If we have a terminal, we have no choice for the next production.

4: S->b {} {}

So, this grammar could produce the string ababa by the productions:

1: S=>aSa.  Next, we go to 2.

2: aSa=>abSba.  Next, we’ll go to 1 (we could have also gone to 4)

1: abSba=>abSba (we decide not to do the production, and so go to 3)

3: abSba=>ababa.  (we stop because we have no non-terminals left)

Reduction: The paper by Shamir and Beeri has the reduction, but I have a hard time following their notation, so I will try to rephrase it.  The reduction is from 3-CNF-Satisfiability.

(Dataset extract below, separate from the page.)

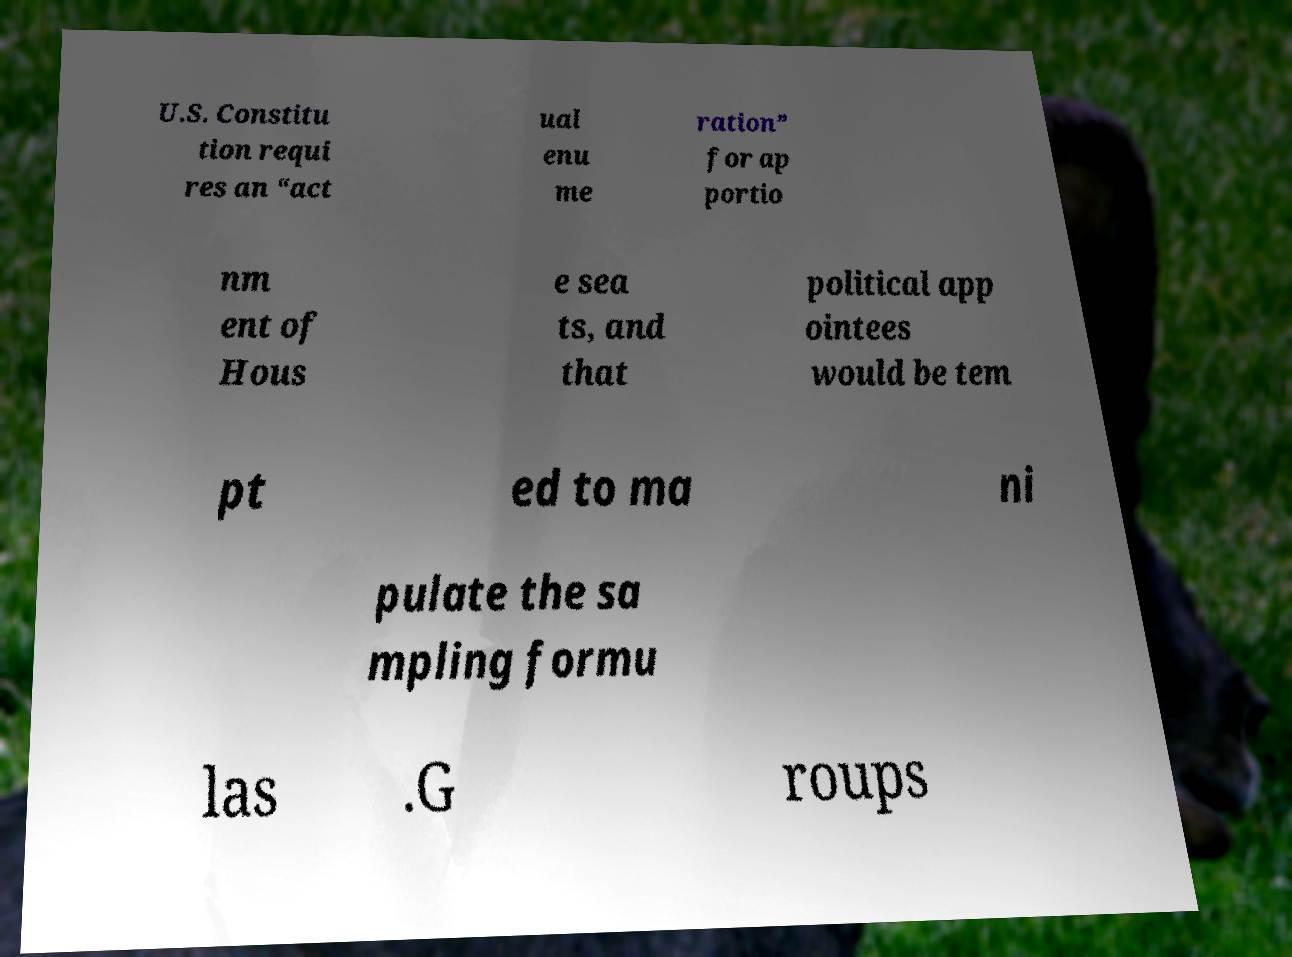Could you extract and type out the text from this image? U.S. Constitu tion requi res an “act ual enu me ration” for ap portio nm ent of Hous e sea ts, and that political app ointees would be tem pt ed to ma ni pulate the sa mpling formu las .G roups

What we’ll do is start with a CNF formula.  We’ll start by creating a CFG that generates strings where for each clause (l1, l2, l3) we generate all combinations of T1, T2, T3, F1, F2, and F3 with at least one T.  This will represent the ways we can make a clause true.  The T’s and F’s will be non-terminals.

Now we will try to replace the T’s and F’s with the actual literals from the formula with the following rules:

1:  T1-> q1  {2}{3}

2: T1->q1 {2} {4}

3: T1->~q1 {3}{5}

4: F1->~q1 {4}{6}

5: F1->q1 {5}{6}

Rule 6 starts the process again on the next literal.  The idea is that with rule 1 we either replace T1 with q1 (setting variable q1 to true, and sending us down a chain that will replace all F1’s with ~q1) or won’t (which will send us to rule 3, where we set T1 to ~q1, meaning we set q1 to false, and go down that chain of replacements).

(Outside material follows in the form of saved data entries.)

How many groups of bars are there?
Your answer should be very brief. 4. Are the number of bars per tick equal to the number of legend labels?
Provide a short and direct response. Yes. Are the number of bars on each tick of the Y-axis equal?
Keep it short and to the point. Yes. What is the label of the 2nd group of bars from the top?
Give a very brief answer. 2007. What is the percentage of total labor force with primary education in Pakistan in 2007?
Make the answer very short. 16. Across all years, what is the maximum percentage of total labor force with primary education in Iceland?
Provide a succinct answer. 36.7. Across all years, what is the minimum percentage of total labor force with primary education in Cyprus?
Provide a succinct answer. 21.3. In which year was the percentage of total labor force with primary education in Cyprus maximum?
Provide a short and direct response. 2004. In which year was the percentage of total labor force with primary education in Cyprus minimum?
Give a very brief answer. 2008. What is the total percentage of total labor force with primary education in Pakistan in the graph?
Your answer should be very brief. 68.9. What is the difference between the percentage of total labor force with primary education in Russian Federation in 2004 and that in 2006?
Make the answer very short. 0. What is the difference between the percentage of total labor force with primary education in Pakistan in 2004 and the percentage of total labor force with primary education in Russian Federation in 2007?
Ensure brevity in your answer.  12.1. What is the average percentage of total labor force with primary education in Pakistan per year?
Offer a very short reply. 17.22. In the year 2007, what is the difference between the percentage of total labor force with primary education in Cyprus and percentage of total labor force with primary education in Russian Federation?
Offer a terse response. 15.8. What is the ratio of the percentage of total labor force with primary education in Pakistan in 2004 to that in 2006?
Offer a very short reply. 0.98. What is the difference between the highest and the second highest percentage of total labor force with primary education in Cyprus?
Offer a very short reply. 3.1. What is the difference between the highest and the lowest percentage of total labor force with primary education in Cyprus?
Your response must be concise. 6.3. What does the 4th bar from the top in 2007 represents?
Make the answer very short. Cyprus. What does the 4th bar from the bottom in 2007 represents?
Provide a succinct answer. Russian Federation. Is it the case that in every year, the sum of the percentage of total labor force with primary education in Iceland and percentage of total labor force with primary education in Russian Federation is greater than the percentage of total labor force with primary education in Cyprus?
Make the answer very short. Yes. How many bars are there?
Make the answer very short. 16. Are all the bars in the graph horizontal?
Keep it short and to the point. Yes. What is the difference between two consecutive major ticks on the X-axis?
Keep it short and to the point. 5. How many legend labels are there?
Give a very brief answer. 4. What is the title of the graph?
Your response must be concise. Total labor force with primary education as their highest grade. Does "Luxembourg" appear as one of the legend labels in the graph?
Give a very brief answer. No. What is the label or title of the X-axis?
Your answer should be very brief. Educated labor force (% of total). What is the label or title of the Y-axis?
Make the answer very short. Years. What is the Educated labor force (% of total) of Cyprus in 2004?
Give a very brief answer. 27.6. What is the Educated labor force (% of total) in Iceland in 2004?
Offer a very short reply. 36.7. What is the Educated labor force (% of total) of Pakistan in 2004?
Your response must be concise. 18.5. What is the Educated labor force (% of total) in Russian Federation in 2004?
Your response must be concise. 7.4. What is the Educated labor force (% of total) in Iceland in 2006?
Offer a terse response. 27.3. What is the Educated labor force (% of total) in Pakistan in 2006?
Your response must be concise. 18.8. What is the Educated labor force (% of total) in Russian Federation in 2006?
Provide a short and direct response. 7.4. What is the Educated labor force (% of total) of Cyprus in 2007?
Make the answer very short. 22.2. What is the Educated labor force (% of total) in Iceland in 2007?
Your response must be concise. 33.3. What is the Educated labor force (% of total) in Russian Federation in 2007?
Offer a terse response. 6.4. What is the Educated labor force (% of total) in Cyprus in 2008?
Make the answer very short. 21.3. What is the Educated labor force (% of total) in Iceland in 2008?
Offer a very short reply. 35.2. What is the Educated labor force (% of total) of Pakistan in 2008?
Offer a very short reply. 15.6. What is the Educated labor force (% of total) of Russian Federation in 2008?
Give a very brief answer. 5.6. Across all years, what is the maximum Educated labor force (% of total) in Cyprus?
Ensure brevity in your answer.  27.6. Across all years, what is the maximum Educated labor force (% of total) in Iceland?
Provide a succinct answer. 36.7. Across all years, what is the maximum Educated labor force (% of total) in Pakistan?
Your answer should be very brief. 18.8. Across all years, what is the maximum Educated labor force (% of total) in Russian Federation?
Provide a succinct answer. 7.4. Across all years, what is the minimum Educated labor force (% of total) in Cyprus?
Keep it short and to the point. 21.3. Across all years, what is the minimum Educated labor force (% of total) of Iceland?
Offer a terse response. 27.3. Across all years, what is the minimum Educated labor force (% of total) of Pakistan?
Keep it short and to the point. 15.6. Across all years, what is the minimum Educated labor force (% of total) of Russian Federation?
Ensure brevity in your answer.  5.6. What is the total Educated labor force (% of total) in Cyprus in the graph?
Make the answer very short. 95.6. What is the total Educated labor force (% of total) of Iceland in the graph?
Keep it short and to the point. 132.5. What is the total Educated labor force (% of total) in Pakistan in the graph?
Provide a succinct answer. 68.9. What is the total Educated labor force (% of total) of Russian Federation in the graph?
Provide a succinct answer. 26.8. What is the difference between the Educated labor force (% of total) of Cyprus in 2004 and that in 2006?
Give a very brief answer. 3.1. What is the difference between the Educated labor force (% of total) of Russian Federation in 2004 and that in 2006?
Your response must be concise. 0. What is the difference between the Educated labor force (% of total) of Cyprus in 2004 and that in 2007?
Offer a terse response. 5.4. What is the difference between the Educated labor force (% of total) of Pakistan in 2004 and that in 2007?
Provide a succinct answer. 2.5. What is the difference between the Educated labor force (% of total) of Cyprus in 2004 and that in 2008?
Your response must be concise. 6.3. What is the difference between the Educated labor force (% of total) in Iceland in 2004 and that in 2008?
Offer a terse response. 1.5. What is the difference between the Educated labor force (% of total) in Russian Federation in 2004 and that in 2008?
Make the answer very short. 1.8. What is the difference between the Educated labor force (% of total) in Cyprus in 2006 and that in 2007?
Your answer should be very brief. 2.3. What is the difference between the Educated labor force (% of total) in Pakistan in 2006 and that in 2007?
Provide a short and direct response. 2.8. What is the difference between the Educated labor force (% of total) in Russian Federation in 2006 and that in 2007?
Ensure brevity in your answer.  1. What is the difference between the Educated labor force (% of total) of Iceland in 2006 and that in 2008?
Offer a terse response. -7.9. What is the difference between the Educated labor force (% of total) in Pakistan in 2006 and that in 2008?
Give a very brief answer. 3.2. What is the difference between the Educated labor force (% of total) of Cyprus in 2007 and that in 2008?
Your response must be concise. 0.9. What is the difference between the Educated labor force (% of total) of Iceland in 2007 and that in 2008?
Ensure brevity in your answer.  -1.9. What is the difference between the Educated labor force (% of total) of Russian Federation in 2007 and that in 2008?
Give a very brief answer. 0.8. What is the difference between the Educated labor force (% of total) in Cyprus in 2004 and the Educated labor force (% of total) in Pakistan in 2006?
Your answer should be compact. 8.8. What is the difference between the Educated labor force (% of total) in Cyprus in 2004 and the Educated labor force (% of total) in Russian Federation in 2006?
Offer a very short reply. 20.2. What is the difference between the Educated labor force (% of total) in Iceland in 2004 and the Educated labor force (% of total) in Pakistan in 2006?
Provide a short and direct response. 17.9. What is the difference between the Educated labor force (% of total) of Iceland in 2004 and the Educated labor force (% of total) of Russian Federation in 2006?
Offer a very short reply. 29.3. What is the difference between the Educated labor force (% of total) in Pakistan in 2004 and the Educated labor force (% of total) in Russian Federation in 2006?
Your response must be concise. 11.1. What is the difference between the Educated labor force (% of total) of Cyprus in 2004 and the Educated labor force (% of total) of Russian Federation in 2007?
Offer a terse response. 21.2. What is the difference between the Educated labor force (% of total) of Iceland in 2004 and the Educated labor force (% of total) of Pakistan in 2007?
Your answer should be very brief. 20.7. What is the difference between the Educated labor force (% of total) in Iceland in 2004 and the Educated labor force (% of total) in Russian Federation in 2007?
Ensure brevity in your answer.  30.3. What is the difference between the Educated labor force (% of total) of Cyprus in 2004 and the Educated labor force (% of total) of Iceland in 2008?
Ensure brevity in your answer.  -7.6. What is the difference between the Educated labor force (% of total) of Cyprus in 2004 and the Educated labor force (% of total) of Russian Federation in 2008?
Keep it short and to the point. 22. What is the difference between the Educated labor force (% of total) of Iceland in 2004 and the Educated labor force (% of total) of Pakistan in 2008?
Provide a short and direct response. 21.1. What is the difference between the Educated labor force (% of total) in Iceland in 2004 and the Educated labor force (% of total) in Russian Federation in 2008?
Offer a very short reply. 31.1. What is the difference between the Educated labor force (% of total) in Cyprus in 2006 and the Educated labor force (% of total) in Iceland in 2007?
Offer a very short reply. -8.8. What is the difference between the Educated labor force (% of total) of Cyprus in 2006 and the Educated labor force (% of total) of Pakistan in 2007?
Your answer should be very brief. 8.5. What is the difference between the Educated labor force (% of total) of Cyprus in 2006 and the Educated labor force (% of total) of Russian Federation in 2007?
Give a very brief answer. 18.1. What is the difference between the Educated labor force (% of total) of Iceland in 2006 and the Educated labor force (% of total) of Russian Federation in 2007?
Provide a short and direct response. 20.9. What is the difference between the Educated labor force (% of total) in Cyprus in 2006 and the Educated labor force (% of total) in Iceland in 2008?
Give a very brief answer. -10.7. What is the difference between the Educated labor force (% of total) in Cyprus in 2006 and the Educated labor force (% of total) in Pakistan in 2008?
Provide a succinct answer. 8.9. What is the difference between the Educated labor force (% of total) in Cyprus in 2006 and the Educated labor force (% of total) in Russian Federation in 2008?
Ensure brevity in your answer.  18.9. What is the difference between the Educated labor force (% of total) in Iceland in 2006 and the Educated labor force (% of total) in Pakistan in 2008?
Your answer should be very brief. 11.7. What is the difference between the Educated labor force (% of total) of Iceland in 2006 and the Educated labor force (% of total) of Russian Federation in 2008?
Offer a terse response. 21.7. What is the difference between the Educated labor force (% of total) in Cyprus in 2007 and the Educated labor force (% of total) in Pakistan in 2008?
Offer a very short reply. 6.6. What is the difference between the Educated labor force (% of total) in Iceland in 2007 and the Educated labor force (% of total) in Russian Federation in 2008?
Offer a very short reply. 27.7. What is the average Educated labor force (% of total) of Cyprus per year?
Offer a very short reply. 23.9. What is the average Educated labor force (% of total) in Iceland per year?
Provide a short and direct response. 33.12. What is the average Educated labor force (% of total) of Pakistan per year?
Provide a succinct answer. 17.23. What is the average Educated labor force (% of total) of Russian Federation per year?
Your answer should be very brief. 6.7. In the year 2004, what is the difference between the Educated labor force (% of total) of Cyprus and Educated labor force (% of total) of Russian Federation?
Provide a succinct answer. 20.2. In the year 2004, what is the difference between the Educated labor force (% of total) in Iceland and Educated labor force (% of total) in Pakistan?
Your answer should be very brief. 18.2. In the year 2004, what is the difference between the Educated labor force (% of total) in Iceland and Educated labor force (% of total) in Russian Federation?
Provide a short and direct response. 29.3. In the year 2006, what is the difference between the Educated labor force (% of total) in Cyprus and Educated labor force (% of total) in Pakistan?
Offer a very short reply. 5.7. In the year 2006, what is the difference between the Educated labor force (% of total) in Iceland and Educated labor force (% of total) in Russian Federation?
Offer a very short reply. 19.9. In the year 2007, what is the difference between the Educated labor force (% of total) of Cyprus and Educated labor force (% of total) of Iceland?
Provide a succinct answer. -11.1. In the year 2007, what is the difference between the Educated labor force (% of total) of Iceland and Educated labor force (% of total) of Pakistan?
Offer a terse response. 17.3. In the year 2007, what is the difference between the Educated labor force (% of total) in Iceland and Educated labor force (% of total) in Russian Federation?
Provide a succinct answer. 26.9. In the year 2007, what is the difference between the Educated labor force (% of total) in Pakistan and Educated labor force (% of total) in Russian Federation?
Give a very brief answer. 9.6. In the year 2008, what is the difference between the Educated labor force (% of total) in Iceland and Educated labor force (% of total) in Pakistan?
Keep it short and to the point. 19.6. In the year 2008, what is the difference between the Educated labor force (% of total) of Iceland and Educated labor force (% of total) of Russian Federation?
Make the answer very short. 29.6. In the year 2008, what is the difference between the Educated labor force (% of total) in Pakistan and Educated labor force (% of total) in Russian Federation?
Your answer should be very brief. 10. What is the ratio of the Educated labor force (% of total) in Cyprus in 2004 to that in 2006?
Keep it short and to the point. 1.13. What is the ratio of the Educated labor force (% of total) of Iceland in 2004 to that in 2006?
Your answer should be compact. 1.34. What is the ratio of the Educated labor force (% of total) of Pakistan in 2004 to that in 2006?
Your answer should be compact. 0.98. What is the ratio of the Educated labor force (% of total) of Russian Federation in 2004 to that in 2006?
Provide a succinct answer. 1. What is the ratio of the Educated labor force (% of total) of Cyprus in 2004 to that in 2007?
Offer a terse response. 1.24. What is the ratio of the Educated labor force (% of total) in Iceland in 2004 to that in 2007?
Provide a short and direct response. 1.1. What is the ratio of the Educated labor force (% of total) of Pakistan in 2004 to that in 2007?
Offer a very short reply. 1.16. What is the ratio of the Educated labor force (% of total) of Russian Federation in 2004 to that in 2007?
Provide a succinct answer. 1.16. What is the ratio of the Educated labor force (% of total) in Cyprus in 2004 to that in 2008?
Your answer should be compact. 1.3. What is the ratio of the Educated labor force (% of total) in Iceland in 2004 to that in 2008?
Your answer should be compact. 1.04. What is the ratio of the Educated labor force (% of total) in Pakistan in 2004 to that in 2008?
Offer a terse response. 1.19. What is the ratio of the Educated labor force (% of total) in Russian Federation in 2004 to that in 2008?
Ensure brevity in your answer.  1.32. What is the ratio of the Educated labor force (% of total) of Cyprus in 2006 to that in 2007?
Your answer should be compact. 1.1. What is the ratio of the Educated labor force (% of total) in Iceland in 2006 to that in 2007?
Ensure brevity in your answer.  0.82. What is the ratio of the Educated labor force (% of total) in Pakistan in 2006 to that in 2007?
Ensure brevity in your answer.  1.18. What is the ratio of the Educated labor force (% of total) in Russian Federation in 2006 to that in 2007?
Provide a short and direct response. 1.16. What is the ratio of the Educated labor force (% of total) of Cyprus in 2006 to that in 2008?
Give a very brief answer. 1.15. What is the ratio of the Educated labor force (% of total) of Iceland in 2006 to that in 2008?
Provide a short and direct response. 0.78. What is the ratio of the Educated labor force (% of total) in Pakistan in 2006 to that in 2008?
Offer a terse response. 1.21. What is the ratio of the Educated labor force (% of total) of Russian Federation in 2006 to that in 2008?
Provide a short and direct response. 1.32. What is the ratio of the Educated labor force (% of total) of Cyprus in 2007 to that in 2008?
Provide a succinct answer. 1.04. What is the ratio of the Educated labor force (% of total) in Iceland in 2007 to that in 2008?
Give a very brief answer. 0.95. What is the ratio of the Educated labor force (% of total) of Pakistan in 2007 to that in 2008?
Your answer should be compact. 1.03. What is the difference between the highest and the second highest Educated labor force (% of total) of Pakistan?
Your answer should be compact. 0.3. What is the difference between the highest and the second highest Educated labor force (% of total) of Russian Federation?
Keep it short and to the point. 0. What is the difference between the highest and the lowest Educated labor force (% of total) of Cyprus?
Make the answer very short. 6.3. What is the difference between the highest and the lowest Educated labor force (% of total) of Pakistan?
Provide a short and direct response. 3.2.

Our question then becomes can this grammar can generate the original input string of the formula?

Difficulty: 7.  I had an alternate formulation where I replaced each literal with T or F and tried to form a chain of all T’s.  I couldn’t think of a way to let the grammar define “at least one T in a clause”  and still keep it context-free (a production like TTT->”yes” is not context-free because there is more than one non-terminal on the left side), which I think is why this solution goes the other direction (the final string has the literals, where for mine, the literals in the formula were non-terminals and I wanted my terminal string to be “Yes”).  But the idea of using the program to “choose” whether a variable is set to true or false, and then you’re forced to use the substitutions given in the program to keep all of the other replacements of that variable the same isn’t that hard to get.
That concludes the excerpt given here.